▸ ACTION ITEM: Your answer is a number only: how many lines in the data below contain "Keep"?

EXTRACTED DATA START

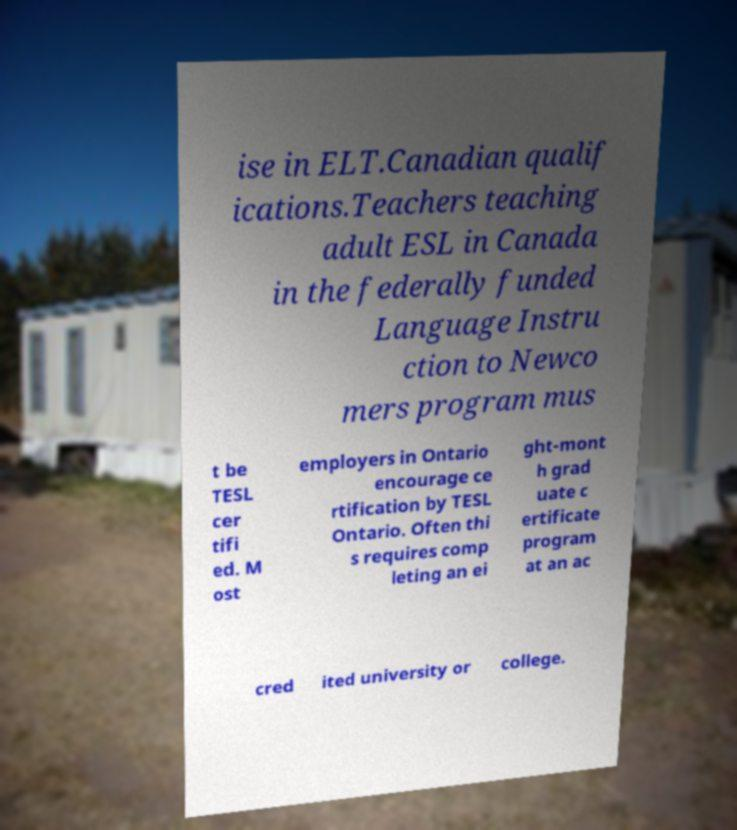Can you read and provide the text displayed in the image?This photo seems to have some interesting text. Can you extract and type it out for me? ise in ELT.Canadian qualif ications.Teachers teaching adult ESL in Canada in the federally funded Language Instru ction to Newco mers program mus t be TESL cer tifi ed. M ost employers in Ontario encourage ce rtification by TESL Ontario. Often thi s requires comp leting an ei ght-mont h grad uate c ertificate program at an ac cred ited university or college. 
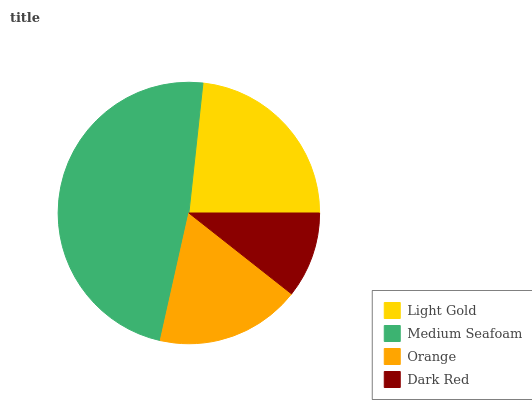Is Dark Red the minimum?
Answer yes or no. Yes. Is Medium Seafoam the maximum?
Answer yes or no. Yes. Is Orange the minimum?
Answer yes or no. No. Is Orange the maximum?
Answer yes or no. No. Is Medium Seafoam greater than Orange?
Answer yes or no. Yes. Is Orange less than Medium Seafoam?
Answer yes or no. Yes. Is Orange greater than Medium Seafoam?
Answer yes or no. No. Is Medium Seafoam less than Orange?
Answer yes or no. No. Is Light Gold the high median?
Answer yes or no. Yes. Is Orange the low median?
Answer yes or no. Yes. Is Dark Red the high median?
Answer yes or no. No. Is Dark Red the low median?
Answer yes or no. No. 
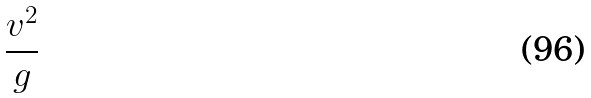<formula> <loc_0><loc_0><loc_500><loc_500>\frac { v ^ { 2 } } { g }</formula> 
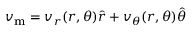Convert formula to latex. <formula><loc_0><loc_0><loc_500><loc_500>v _ { m } = v _ { r } ( r , \theta ) \hat { r } + v _ { \theta } ( r , \theta ) \hat { \theta }</formula> 
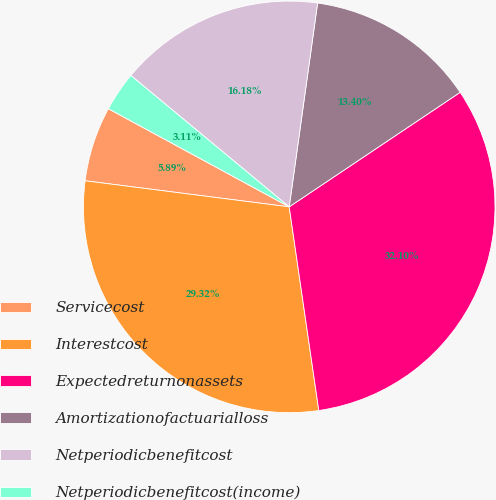Convert chart. <chart><loc_0><loc_0><loc_500><loc_500><pie_chart><fcel>Servicecost<fcel>Interestcost<fcel>Expectedreturnonassets<fcel>Amortizationofactuarialloss<fcel>Netperiodicbenefitcost<fcel>Netperiodicbenefitcost(income)<nl><fcel>5.89%<fcel>29.32%<fcel>32.1%<fcel>13.4%<fcel>16.18%<fcel>3.11%<nl></chart> 
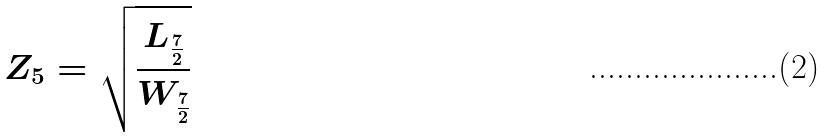<formula> <loc_0><loc_0><loc_500><loc_500>Z _ { 5 } = \sqrt { \frac { L _ { \frac { 7 } { 2 } } } { W _ { \frac { 7 } { 2 } } } }</formula> 
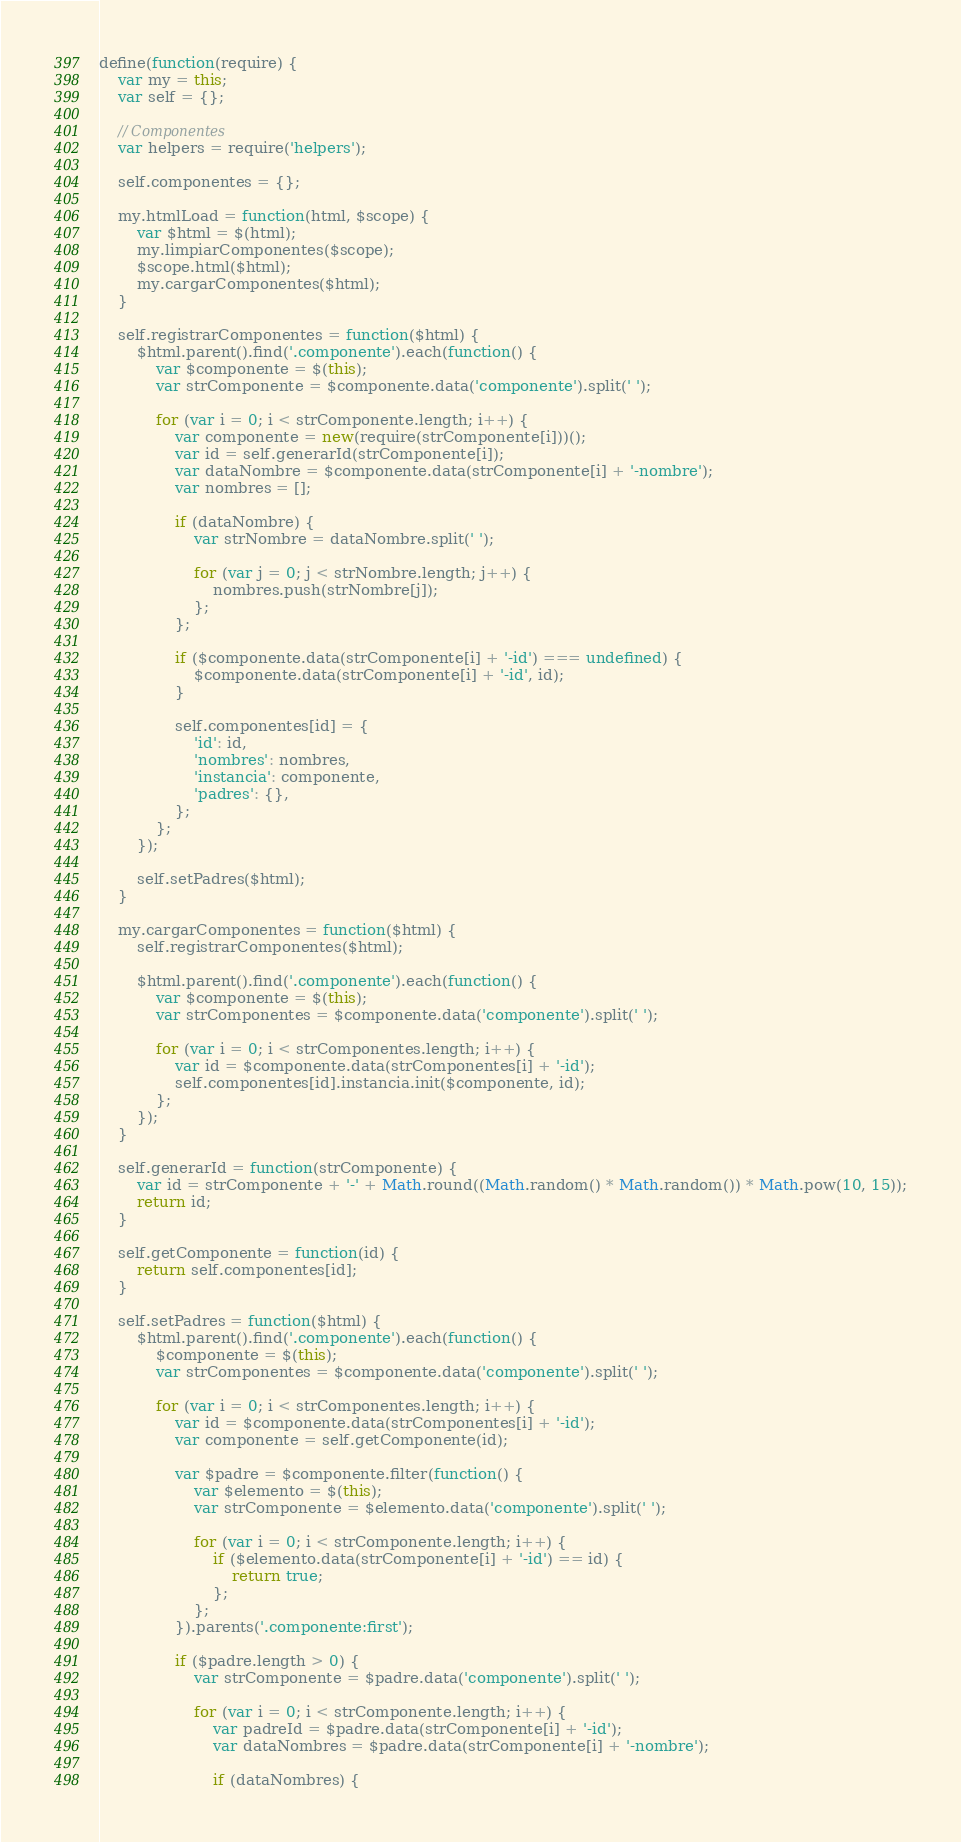<code> <loc_0><loc_0><loc_500><loc_500><_JavaScript_>define(function(require) {
	var my = this;
	var self = {};

	// Componentes
	var helpers = require('helpers');

	self.componentes = {};

	my.htmlLoad = function(html, $scope) {
		var $html = $(html);
		my.limpiarComponentes($scope);
		$scope.html($html);
		my.cargarComponentes($html);
	}

	self.registrarComponentes = function($html) {
		$html.parent().find('.componente').each(function() {
			var $componente = $(this);
			var strComponente = $componente.data('componente').split(' ');

			for (var i = 0; i < strComponente.length; i++) {
				var componente = new(require(strComponente[i]))();
				var id = self.generarId(strComponente[i]);
				var dataNombre = $componente.data(strComponente[i] + '-nombre');
				var nombres = [];

				if (dataNombre) {
					var strNombre = dataNombre.split(' ');

					for (var j = 0; j < strNombre.length; j++) {
						nombres.push(strNombre[j]);
					};
				};

				if ($componente.data(strComponente[i] + '-id') === undefined) {
					$componente.data(strComponente[i] + '-id', id);
				}

				self.componentes[id] = {
					'id': id,
					'nombres': nombres,
					'instancia': componente,
					'padres': {},
				};
			};
		});

		self.setPadres($html);
	}

	my.cargarComponentes = function($html) {
		self.registrarComponentes($html);

		$html.parent().find('.componente').each(function() {
			var $componente = $(this);
			var strComponentes = $componente.data('componente').split(' ');

			for (var i = 0; i < strComponentes.length; i++) {
				var id = $componente.data(strComponentes[i] + '-id');
				self.componentes[id].instancia.init($componente, id);
			};
		});
	}

	self.generarId = function(strComponente) {
		var id = strComponente + '-' + Math.round((Math.random() * Math.random()) * Math.pow(10, 15));
		return id;
	}

	self.getComponente = function(id) {
		return self.componentes[id];
	}

	self.setPadres = function($html) {
		$html.parent().find('.componente').each(function() {
			$componente = $(this);
			var strComponentes = $componente.data('componente').split(' ');

			for (var i = 0; i < strComponentes.length; i++) {
				var id = $componente.data(strComponentes[i] + '-id');
				var componente = self.getComponente(id);

				var $padre = $componente.filter(function() {
					var $elemento = $(this);
					var strComponente = $elemento.data('componente').split(' ');

					for (var i = 0; i < strComponente.length; i++) {
						if ($elemento.data(strComponente[i] + '-id') == id) {
							return true;
						};
					};
				}).parents('.componente:first');

				if ($padre.length > 0) {
					var strComponente = $padre.data('componente').split(' ');

					for (var i = 0; i < strComponente.length; i++) {
						var padreId = $padre.data(strComponente[i] + '-id');
						var dataNombres = $padre.data(strComponente[i] + '-nombre');

						if (dataNombres) {</code> 
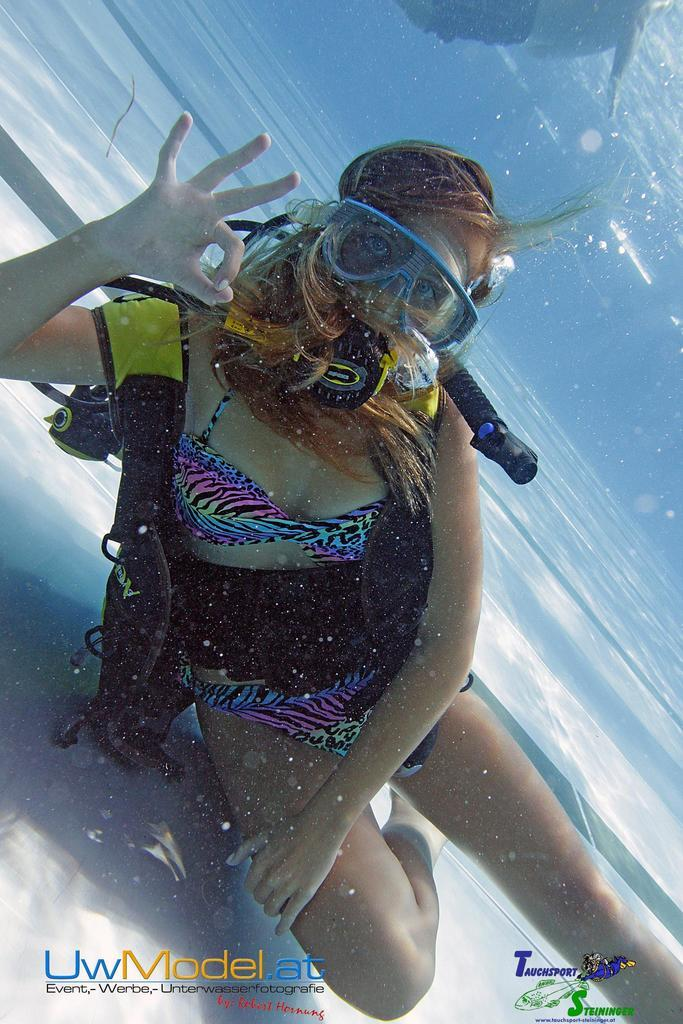Who is present in the image? There is a girl in the image. What is the girl doing in the image? The girl is swimming. Where is the girl located in the image? The girl is in the water. What type of wall can be seen surrounding the girl in the image? There is no wall present in the image; the girl is swimming in the water. How many eggs are visible in the image? There are no eggs present in the image. 
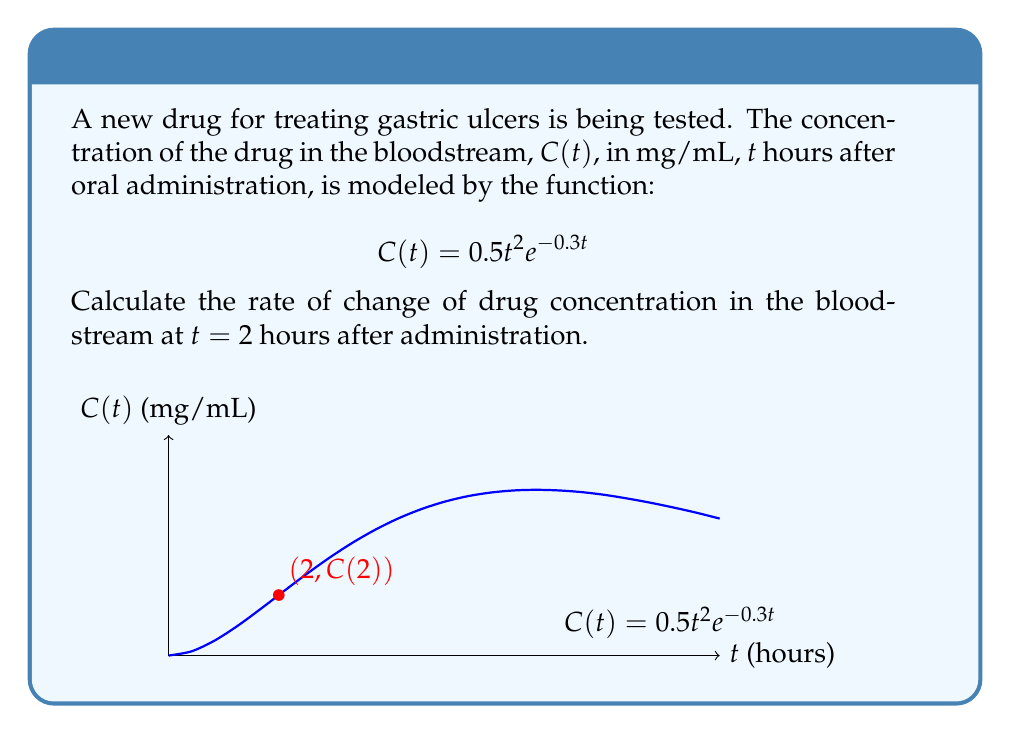Teach me how to tackle this problem. To find the rate of change of drug concentration at $t = 2$ hours, we need to calculate the derivative of $C(t)$ and evaluate it at $t = 2$.

Step 1: Find $C'(t)$ using the product rule and chain rule.
$$C(t) = 0.5t^2e^{-0.3t}$$
$$C'(t) = 0.5 \cdot 2t \cdot e^{-0.3t} + 0.5t^2 \cdot (-0.3)e^{-0.3t}$$
$$C'(t) = te^{-0.3t} - 0.15t^2e^{-0.3t}$$
$$C'(t) = e^{-0.3t}(t - 0.15t^2)$$

Step 2: Evaluate $C'(t)$ at $t = 2$.
$$C'(2) = e^{-0.3(2)}(2 - 0.15(2^2))$$
$$C'(2) = e^{-0.6}(2 - 0.6)$$
$$C'(2) = e^{-0.6} \cdot 1.4$$
$$C'(2) \approx 0.7679$$

The rate of change of drug concentration at $t = 2$ hours is approximately 0.7679 mg/mL per hour.
Answer: $0.7679$ mg/mL/hr 
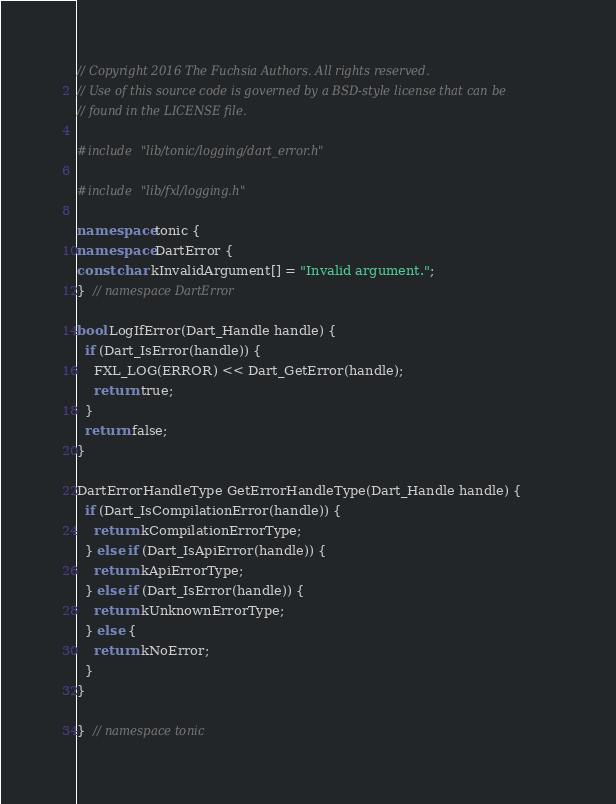<code> <loc_0><loc_0><loc_500><loc_500><_C++_>// Copyright 2016 The Fuchsia Authors. All rights reserved.
// Use of this source code is governed by a BSD-style license that can be
// found in the LICENSE file.

#include "lib/tonic/logging/dart_error.h"

#include "lib/fxl/logging.h"

namespace tonic {
namespace DartError {
const char kInvalidArgument[] = "Invalid argument.";
}  // namespace DartError

bool LogIfError(Dart_Handle handle) {
  if (Dart_IsError(handle)) {
    FXL_LOG(ERROR) << Dart_GetError(handle);
    return true;
  }
  return false;
}

DartErrorHandleType GetErrorHandleType(Dart_Handle handle) {
  if (Dart_IsCompilationError(handle)) {
    return kCompilationErrorType;
  } else if (Dart_IsApiError(handle)) {
    return kApiErrorType;
  } else if (Dart_IsError(handle)) {
    return kUnknownErrorType;
  } else {
    return kNoError;
  }
}

}  // namespace tonic
</code> 
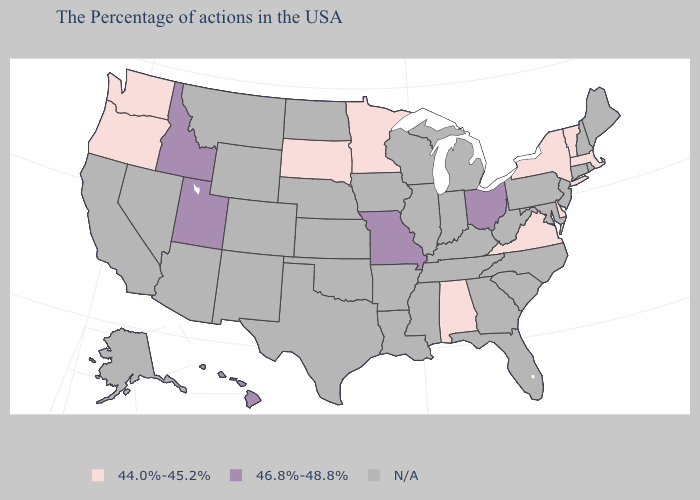Name the states that have a value in the range N/A?
Be succinct. Maine, Rhode Island, New Hampshire, Connecticut, New Jersey, Maryland, Pennsylvania, North Carolina, South Carolina, West Virginia, Florida, Georgia, Michigan, Kentucky, Indiana, Tennessee, Wisconsin, Illinois, Mississippi, Louisiana, Arkansas, Iowa, Kansas, Nebraska, Oklahoma, Texas, North Dakota, Wyoming, Colorado, New Mexico, Montana, Arizona, Nevada, California, Alaska. What is the value of Hawaii?
Answer briefly. 46.8%-48.8%. What is the highest value in the USA?
Keep it brief. 46.8%-48.8%. What is the value of New York?
Write a very short answer. 44.0%-45.2%. Name the states that have a value in the range 44.0%-45.2%?
Answer briefly. Massachusetts, Vermont, New York, Delaware, Virginia, Alabama, Minnesota, South Dakota, Washington, Oregon. Among the states that border Colorado , which have the highest value?
Concise answer only. Utah. Does the first symbol in the legend represent the smallest category?
Keep it brief. Yes. What is the value of Delaware?
Short answer required. 44.0%-45.2%. Does Hawaii have the highest value in the USA?
Keep it brief. Yes. What is the value of Virginia?
Give a very brief answer. 44.0%-45.2%. What is the highest value in the South ?
Concise answer only. 44.0%-45.2%. What is the highest value in the MidWest ?
Answer briefly. 46.8%-48.8%.

EXTRACTED DATA END

▸ SOLVED EXERCISE: 3